The world’s leading publication for data science, AI, and ML professionals.

Reinforcement Learning Lock N’ Roll

Using a Double Deep Q Network to Learn a Game with Random States

Image by author
Image by author

Lock N’ Roll was created in 2009 by Armor Games. It is a game for those with advanced levels of intelligence, the chosen few who are gifted with massive IQs and a disposition toward mathematical and probabilistic thinking. The average gamer couldn’t possibly grasp such sophistication and elevated amusement.

Or, maybe that’s just what I tell myself to justify the fact that a surprising few of my friends have even heard of it, one of my favorite time wasters. It is a game that requires placing different color dice (red, yellow, green, or blue, numbered 1–4) on a 4×4 grid in different combinations and patterns to maximize point output. When you are out of dice or you want to score the current state of the board, you select the button that says "Roll," which also locks your move in so that the dice you placed can no longer be manipulated. Which dice you obtain after a roll is random. Jokers are earned after achieving certain point totals and they can be placed anywhere on the board to mimic the effect of any given dice. The game ends when the board is filled with dice and you have no more jokers. Dice can be cleared by achieving a high-scoring combo. What’s not to love?

Lock-n-Roll – Play on Armor Games

Image by author
Image by author

For years of having the app on my phone on-and-off, I have tried to perfect my own approach to the game. How do I maximize the chance of clearing spaces on the next roll? What is more important, setting up a 400-point move that clears 4 spaces, or a 200-point move that clears 6? When should I use a joker? Through much trial-and-error, I have perfected my own strategy, having gone from 1,000 being a good score when I first started to being able to consistently reach over 20,000 and having even scored in the millions several times. However, although much glory I have received through my budding Lock N’ Roll talents (and by "much glory" I mean "many wasted hours"), I have always wondered if there wasn’t a way to ostensibly "solve" the game, to employ the optimal strategy, the one strategy to rule them all. With the game having over 20 quintillion possible states, and me not having as strong a background in mathematics as I would like, the task always seemed daunting.

Double Deep Q Learning

Enter Greg Surma. Greg Surma doesn’t know me and I don’t know him, but for whatever reason, when I read his Medium article about using Machine Learning to train an AI to play Atari games to an above-average level, I thought of trying to do the same with Lock N’ Roll. Maybe there was a way to solve the game after all? I am a Data Scientist trained in the art of Python programming, but I don’t have much of a background in reinforcement learning. My specialty lies more toward forecasting time series.

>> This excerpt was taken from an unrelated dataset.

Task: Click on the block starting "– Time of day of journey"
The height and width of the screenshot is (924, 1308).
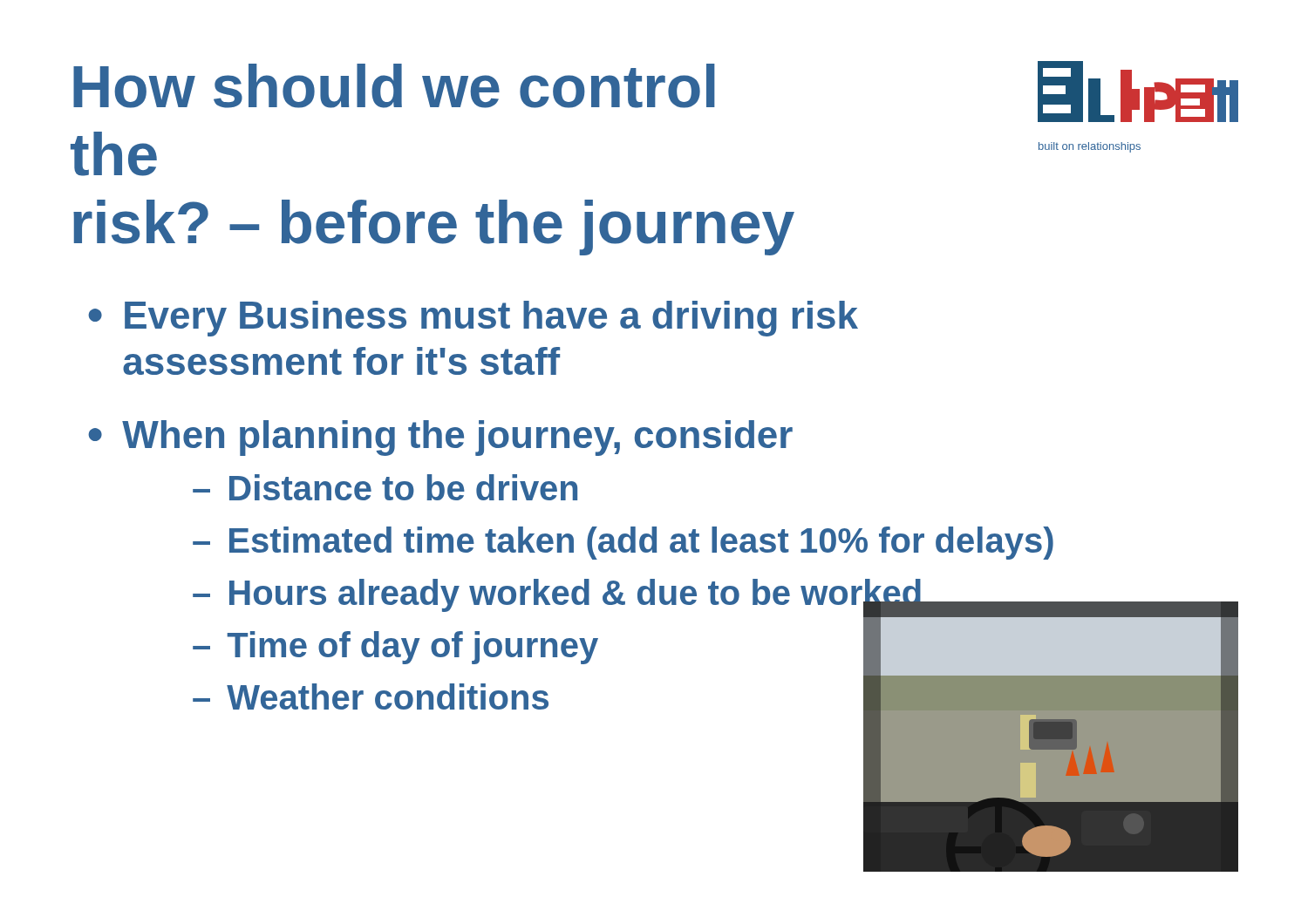Action: point(395,645)

Nevertheless, I decided to undertake this challenge. Whereas a mathematician might sit down with a pencil and paper to attempt to prove an optimal set of rules to maximize potential point totals, this approach involves training an agent to play a game many times, each time evaluating its gameplay and forming strategies to maximize a reward it receives for each move or to stay away from moves that punish it. How does it know which kind of move is which? The programmer tells it. This process is generally referred to as reinforcement learning.

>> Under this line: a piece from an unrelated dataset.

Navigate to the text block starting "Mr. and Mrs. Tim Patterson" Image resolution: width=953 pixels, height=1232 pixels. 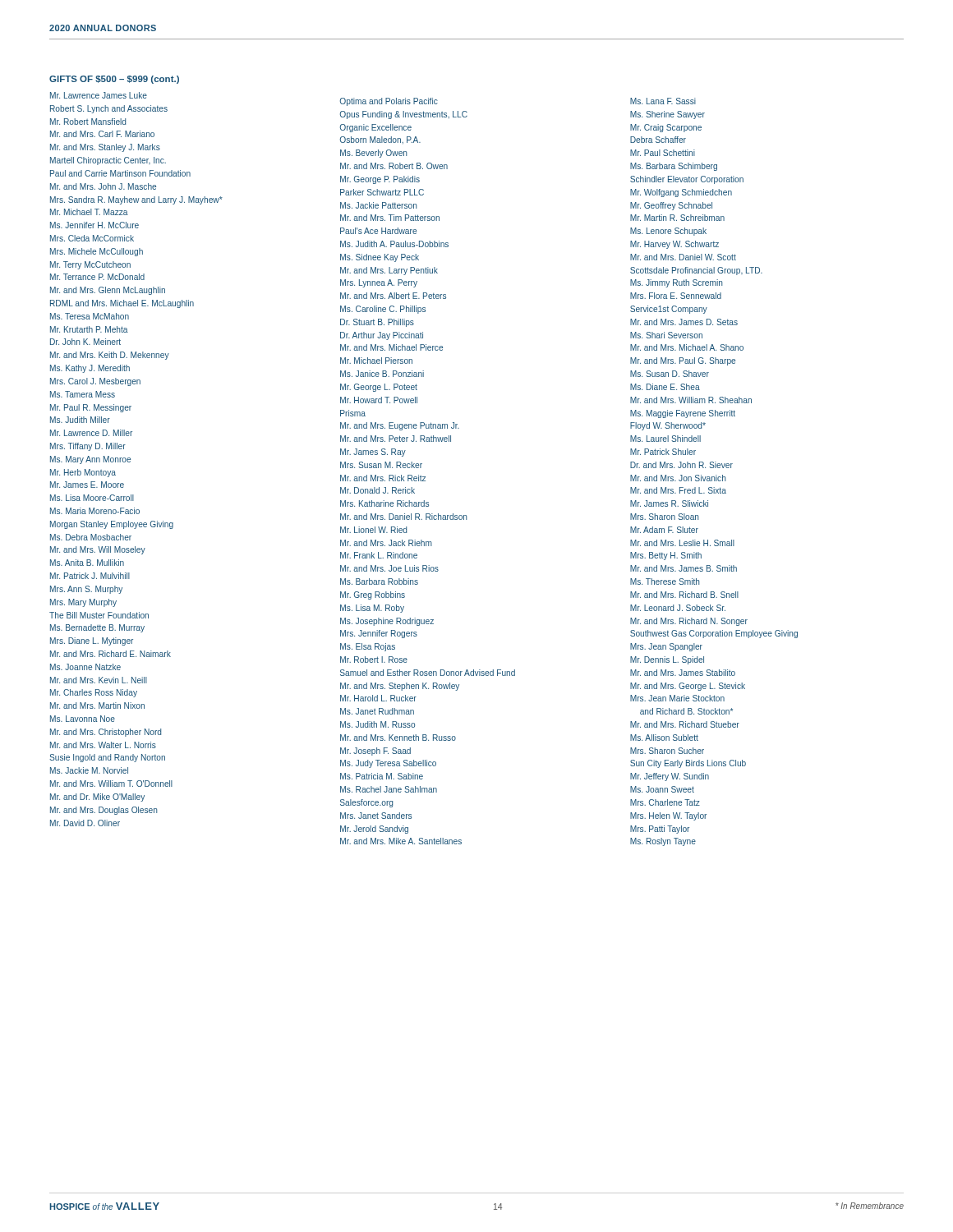click(390, 218)

Under the umbrella of Reinforcement Learning techniques, there is Deep Q Learning (DQL). DQL uses a neural network model to "remember" past moves the AI has made and systematically retrains itself by consulting its memory. It then decides its future moves by not only predicting the reward it will immediately receive, but also looking ahead to the next state that the move will lead to and applying a discounted reward for the predicted points obtained in that future state. By reiterating through this process many times, and by using more random exploration in the initial training phase, it strings together enough rewards and discounted future rewards in its memory to form "Markov Chains," which is a Bayesian concept that I think of as potential paths through the game. With enough of these Markov Chains formed, the AI can begin to form a theory about optimal game play.

Double Deep Q Learning (DDQL) becomes necessary when the population of available moves and the variables needing to be considered reach a certain size and complexity. DDQL systematically "unbiases" certain moves that the AI begins to wrongly favor with DQL due to the probability of a suboptimal convergence in the underlying learning function. The unbiasing process is accomplished with a second neural network (the target network) and it helps balance the universe of available moves to the agent so it is constantly learning what moves are actually best. The two networks are systematically synched together. The code is given below:

In my mind, this is a perfect framework to teach an AI Lock N’ Roll, which requires thinking ahead to the moves your current dice placements will most likely lead to, and I quickly learned that I needed to use Double Deep Q Learning as opposed to Deep Q Learning because of the myriad of complexities involved in the training process.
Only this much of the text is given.